Section 25 of the Drug Misuse and Trafficking Act 1985 is Drug Supply and is extracted below.

If you would like an experienced drug defence lawyer to provide accurate advice and outstanding representation for your Drug Supply case, call Sydney Criminal Lawyers® today on (02) 9261 8881 for a free first appointment.

Our criminal lawyers are experts in defending drug charges and have a proven track record in obtaining superior results in all types of drug cases.

The Legislation

25 Supply of prohibited drugs

(1) A person who supplies, or who knowingly takes part in the supply of, a prohibited drug is guilty of an offence.

(1A) A person of or above the age of 18 years who supplies, or who knowingly takes part in the supply of, a prohibited drug (other than cannabis leaf) to a person under the age of 16 years is guilty of an offence.

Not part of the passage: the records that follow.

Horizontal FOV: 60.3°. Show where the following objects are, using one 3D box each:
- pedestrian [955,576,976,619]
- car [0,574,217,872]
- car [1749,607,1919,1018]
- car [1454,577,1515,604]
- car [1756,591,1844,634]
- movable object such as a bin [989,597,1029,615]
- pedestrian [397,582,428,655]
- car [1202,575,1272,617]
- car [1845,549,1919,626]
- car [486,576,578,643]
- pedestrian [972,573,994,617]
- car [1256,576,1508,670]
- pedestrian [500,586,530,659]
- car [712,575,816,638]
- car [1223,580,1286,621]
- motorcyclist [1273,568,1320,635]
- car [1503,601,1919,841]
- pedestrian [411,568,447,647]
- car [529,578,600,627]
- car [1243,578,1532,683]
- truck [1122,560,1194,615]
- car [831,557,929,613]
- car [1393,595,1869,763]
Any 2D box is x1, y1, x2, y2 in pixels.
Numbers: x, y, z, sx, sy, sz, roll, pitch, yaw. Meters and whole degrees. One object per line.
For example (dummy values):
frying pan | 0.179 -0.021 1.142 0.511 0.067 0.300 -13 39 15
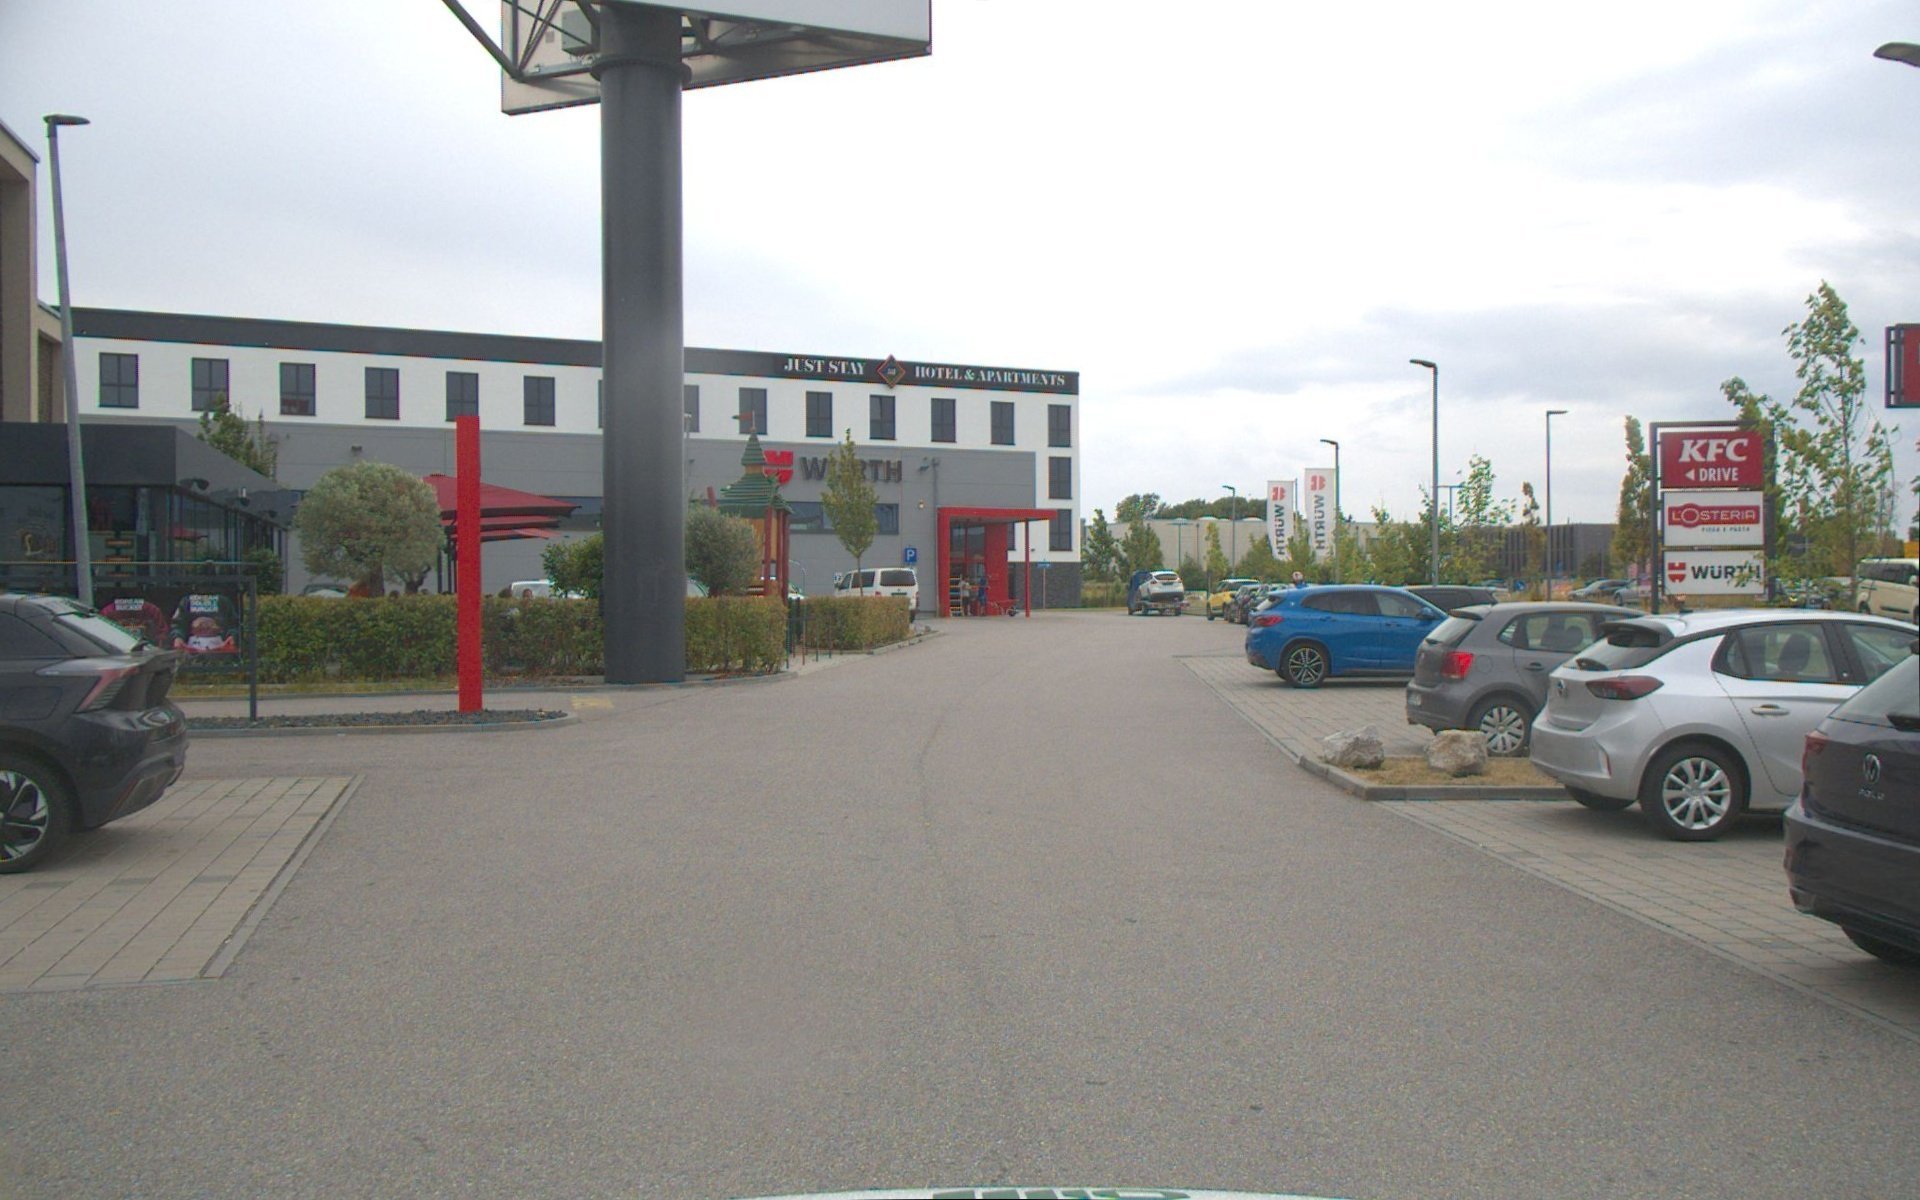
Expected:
pedestrian | 0.229 -0.103 69.531 0.614 1.782 0.901 -1 0 -16
car | -6.445 0.635 9.110 4.042 1.555 1.734 0 0 -16
car | 5.247 0.795 6.225 3.719 1.437 1.738 1 0 -2
car | 32.760 -0.566 103.458 1.762 1.579 4.846 -2 0 -7
car | 28.126 0.408 55.447 1.431 1.360 3.164 -1 1 2
movable object such as a bin | 2.085 0.255 70.324 1.466 0.716 0.960 0 0 -19
pedestrian | -9.316 0.310 28.151 0.412 1.220 0.455 -2 0 -11
car | 11.498 -0.145 68.880 1.821 1.679 3.994 1 0 -7
car | 27.522 -0.406 47.307 1.951 2.122 5.234 -1 1 5
car | -11.960 0.259 45.995 1.965 1.679 4.550 -2 0 -21
pedestrian | 0.969 -0.229 69.827 0.666 1.834 0.876 1 0 -18
car | 7.156 0.377 28.367 3.975 1.485 1.777 -1 1 7
pedestrian | -7.596 0.388 28.237 0.412 1.220 0.455 -2 0 -11
car | -5.792 0.189 48.352 1.965 1.679 4.550 -2 0 -21
car | 11.087 0.011 62.489 1.715 1.495 4.108 0 0 1
motorcyclist | 7.781 0.024 38.227 0.919 1.515 0.831 -1 0 2
car | 5.915 0.775 11.224 3.846 1.437 1.840 1 0 0
pedestrian | -12.276 0.169 38.236 0.729 1.778 0.700 -2 0 -19
car | -13.861 0.089 57.789 1.713 1.579 4.234 -2 0 -23
car | 6.576 0.455 25.805 4.113 1.571 1.866 0 0 5
truck | 10.144 -0.577 85.440 2.285 2.449 7.888 1 -2 -4
car | -3.041 -0.532 61.879 2.033 1.887 4.023 -5 2 -29
car | 6.350 0.718 15.993 3.903 1.453 1.728 1 0 3

(2) A person who supplies, or who knowingly takes part in the supply of, an amount of a prohibited drug which is not less than the commercial quantity applicable to the prohibited drug is guilty of an offence.

(2A) A person of or above the age of 18 years who supplies, or who knowingly takes part in the supply of, an amount of a prohibited drug (other than cannabis leaf) which is not less than the commercial quantity applicable to the prohibited drug to a person under the age of 16 years is guilty of an offence.

(2B) Where, on the trial of a person for an offence under subsection (1A) or (2A), the jury are satisfied that the person charged had, at the time the offence is alleged to have been committed, reasonable cause to believe, and did in fact believe, that the person to whom the prohibited drug was supplied was of or above the age of 16 years, they may acquit the person of the offence charged and find the person guilty of an offence under subsection (1) or (2), respectively, and the person is liable to punishment accordingly.

(2C) A person of or above the age of 18 years who procures a person under the age of 16 years to supply, or take part in the supply of, a prohibited drug (other than cannabis leaf) to another person is guilty of an offence.

(2D) A person of or above the age of 18 years who procures a person under the age of 16 years to supply, or take part in the supply of, an amount of a prohibited drug (other than cannabis leaf) which is not less than the commercial quantity applicable to the prohibited drug is guilty of an offence.

(2E) It is a defence to a prosecution for an offence under subsection (2C) or (2D) if the defendant establishes that the defendant had, at the time the offence is alleged to have been committed, reasonable cause to believe, and did in fact believe, that the person who was procured to supply, or take part in the supply of, the prohibited drug was of or above the age of 16 years.

(3) Where, on the trial of a person for an offence under subsection (2) or (2D), the jury are not satisfied that the amount of prohibited drug involved is equal to or more than the commercial quantity applicable to the prohibited drug, they may acquit the person of the offence charged and find the person guilty of an offence under subsection (1) or (2C), respectively, and the person shall be liable to punishment accordingly.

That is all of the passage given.